Fresh confusion reigned on Thursday as a result of the government’s target for the primary budget surplus and new measures for 2015, as proposed to Wednesday’s Euro Working Group teleconference.
The target set by the bailout agreement is for a primary surplus equal to 3 percent of gross domestic product. The agreement reached at the February 20 Eurogroup provides for the level of the primary surplus to be determined by the extent of growth, and with this in mind the Greek side is now arguing that the new target should be between 1.2 and 1.5 percent of GDP.
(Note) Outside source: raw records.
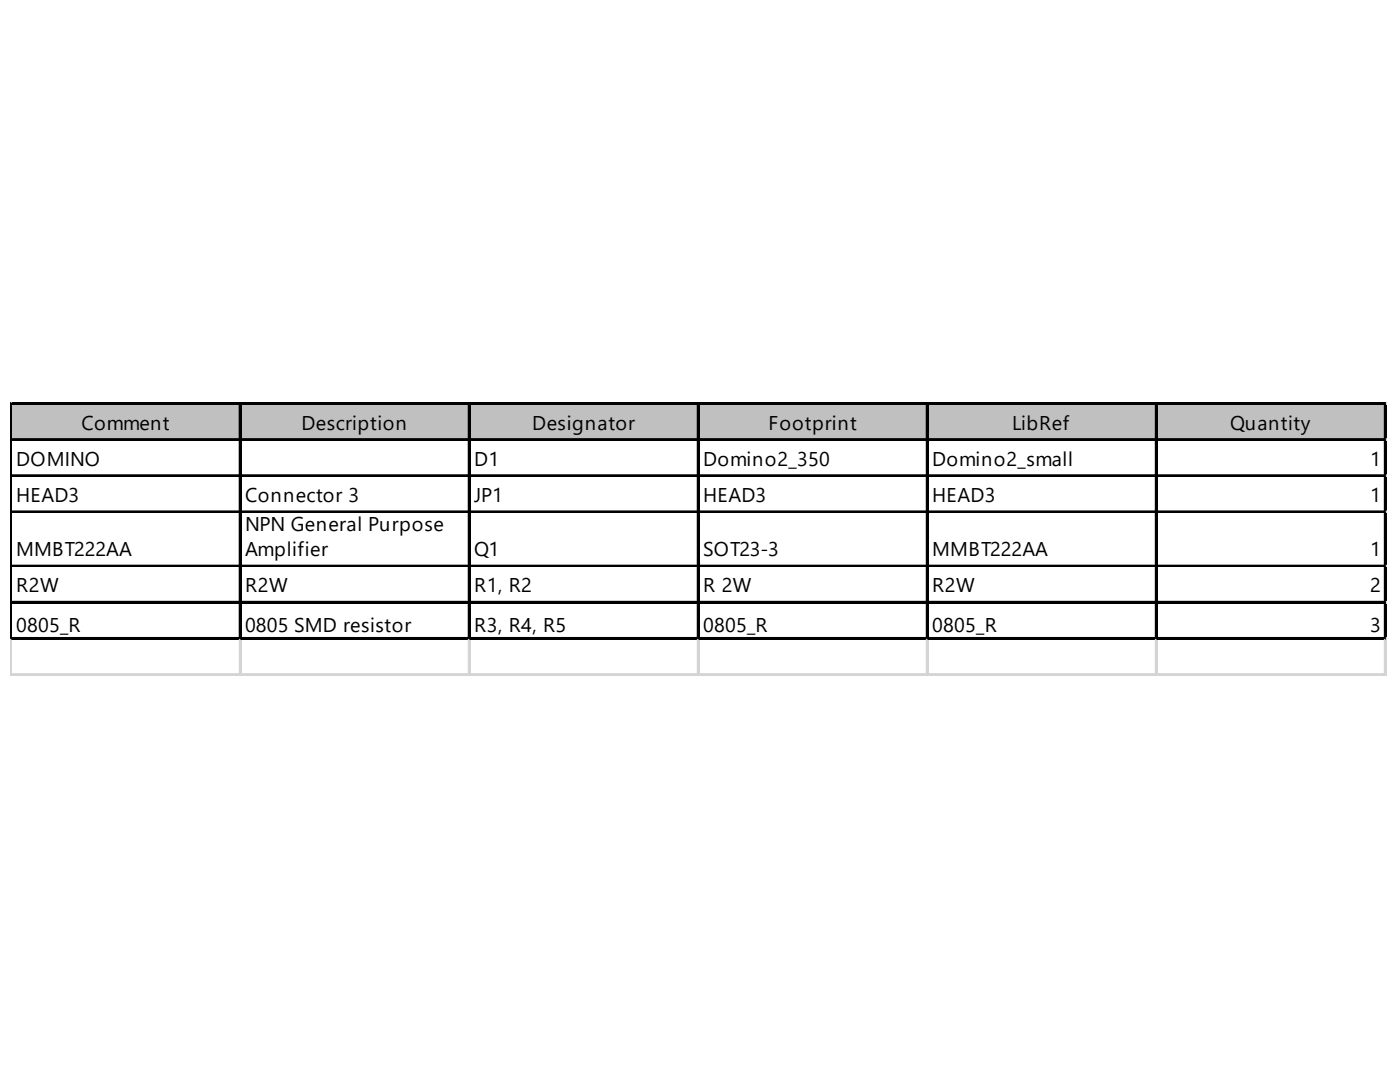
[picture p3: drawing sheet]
<svg xmlns="http://www.w3.org/2000/svg" width="279mm" height="216mm" viewBox="0 0 279 216" stroke-linecap="round" stroke-linejoin="round" font-family="sans-serif">
<defs><g id="words">
<g font-size="4">
<text x="16.3" y="85.8">Comment</text>
<text x="60.2" y="85.8">Description</text>
<text x="106.2" y="85.8">Designator</text>
<text x="153.4" y="85.8">Footprint</text>
<text x="202" y="85.8">LibRef</text>
<text x="245.5" y="85.8">Quantity</text>
<text x="3.2" y="93">DOMINO</text>
<text x="94.6" y="93">D1</text>
<text x="140.3" y="93">Domino2_350</text>
<text x="186" y="93">Domino2_small</text>
<text x="273.5" y="93">1</text>
<text x="3.2" y="100.2">HEAD3</text>
<text x="48.9" y="100.2">Connector 3</text>
<text x="94.6" y="100.2">JP1</text>
<text x="140.3" y="100.2">HEAD3</text>
<text x="186" y="100.2">HEAD3</text>
<text x="273.5" y="100.2">1</text>
<text x="48.9" y="106">NPN General Purpose</text>
<text x="3.2" y="111">MMBT222AA</text>
<text x="48.9" y="111">Amplifier</text>
<text x="94.6" y="111">Q1</text>
<text x="140.3" y="111">SOT23-3</text>
<text x="186" y="111">MMBT222AA</text>
<text x="273.5" y="111">1</text>
<text x="3.2" y="118.2">R2W</text>
<text x="48.9" y="118.2">R2W</text>
<text x="94.6" y="118.2">R1, R2</text>
<text x="140.3" y="118.2">R 2W</text>
<text x="186" y="118.2">R2W</text>
<text x="273.5" y="118.2">2</text>
<text x="3.2" y="126.2">0805_R</text>
<text x="48.9" y="126.2">0805 SMD resistor</text>
<text x="94.6" y="126.2">R3, R4, R5</text>
<text x="140.3" y="126.2">0805_R</text>
<text x="186" y="126.2">0805_R</text>
<text x="273.5" y="126.2">3</text>
</g>
</g></defs>
<path d="M2.4 80.7h274.3v7.3h-274.3z" fill="#c0c0c0"/>
<g fill="none" stroke="#000" stroke-width=".36">
<path d="M2.1 80.4v47.2M2.3 80.4v47.2M2.5 80.4h274.2M2.5 80.6h274.2M2.5 87.6h274.2M2.5 87.8h274.2M2.5 94.8h274.2M2.5 95h274.2M47.8 80.8v46.8M48 80.8v46.8M93.5 80.8v46.8M93.7 80.8v46.8"/>
<path d="M139.2 80.8v46.8M139.4 80.8v46.8M184.9 80.8v46.8M185.1 80.8v46.8M230.6 80.8v46.8M230.8 80.8v46.8M276.4 80.8v46.8M276.5 80.8v46.8M2.5 102h274.2M2.5 102.2h274.2M2.5 112.9h274.2M2.5 113h274.2"/>
<path d="M2.5 120.1h274.2M2.5 120.2h274.2M2.5 127.3h274.2M2.5 127.5h274.2"/>
</g>
<g fill="none" stroke="#d4d4d4" stroke-width=".36">
<path d="M276.7 80.4h.1M2.1 127.6v7.3M2.3 127.6v7.3M47.8 127.6v7.3M48 127.6v7.3M93.5 127.6v7.3M93.7 127.6v7.3M139.2 127.6v7.3M139.4 127.6v7.3M184.9 127.6v7.3M185.1 127.6v7.3M230.6 127.6v7.3"/>
<path d="M230.8 127.6v7.3M276.4 127.6v7.3M276.5 127.6v7.3"/>
</g>
<path d="M276.7 80.4l.1 .4z" fill="#d4d4d4"/>
<path d="M276.7 87.6h.1" fill="none" stroke="#d4d4d4" stroke-width=".36"/>
<path d="M276.7 87.6l.1 .4z" fill="#d4d4d4"/>
<path d="M276.7 94.8h.1" fill="none" stroke="#d4d4d4" stroke-width=".36"/>
<path d="M276.7 94.8l.1 .4z" fill="#d4d4d4"/>
<path d="M276.7 102h.1" fill="none" stroke="#d4d4d4" stroke-width=".36"/>
<path d="M276.7 102l.1 .4z" fill="#d4d4d4"/>
<path d="M276.7 112.9h.1" fill="none" stroke="#d4d4d4" stroke-width=".36"/>
<path d="M276.7 112.9l.1 .3z" fill="#d4d4d4"/>
<path d="M276.7 120.1h.1" fill="none" stroke="#d4d4d4" stroke-width=".36"/>
<path d="M276.7 120.1l.1 .3z" fill="#d4d4d4"/>
<path d="M276.7 127.3h.1" fill="none" stroke="#d4d4d4" stroke-width=".36"/>
<path d="M276.7 127.3l.1 .3z" fill="#d4d4d4"/>
<path d="M2.1 134.5h274.7M2.1 134.7h274.7" fill="none" stroke="#d4d4d4" stroke-width=".36"/>
<use href="#words"/>
</svg>

However, in the latest list of reforms and measures sent to the country’s creditors by Finance Minister Yanis Varoufakis there is a chart that takes into account the rise in revenues the ministry expects from the measures it proposes and puts the expected primary surplus at between 3.1 and 3.9 percent of GDP for this year. This is because the measures proposed are seen having an impact of between 4.7 and 6.1 billion euros.
In this context, Thursday’s ministry statement raised more than a few eyebrows as it effectively questioned the very efficiency of the measures it has submitted. “If eventually the highest revenue expectations are realized, then public spending will rise accordingly and therefore expenditure for combating the humanitarian crisis,” the ministry said in its statement.
It added that “the Finance Ministry wishes again to make it clear that it remains committed to the target of 1.2 percent [of GDP] as this rate is close to the minimum level of its forecasts and not the maximum one, which has been used by those who spoke of a rate above 3 percent,” despite the fact that the forecast for a primary surplus of 3.1-3.9 percent of GDP is included in the text of the Greek proposals.
Just as the Finance Ministry issued that statement, the prime minister’s office noted that the target for this year’s primary surplus will be between 1.2 and 1.5 percent of GDP and characterized the Greek proposals as “a working text” and not an agreement text. “It is estimated that if all measures are successfully implemented they should produce a fiscal benefit of 4.7-6.1 billion euros,” a source from the prime minister’s office said, adding that “a fiscal measure has never performed fully.”
In that context, the prime minister’s office noted that “if we achieve any surpluses above the level we have committed to [1.2-1.5 percent], they will be returned to the social groups that are experiencing the consequences of the crisis in a tragic way, through the realization of the government’s election pledges.” It then insisted that “the baseline scenario is for a primary surplus of 1.2-1.5 percent of GDP.”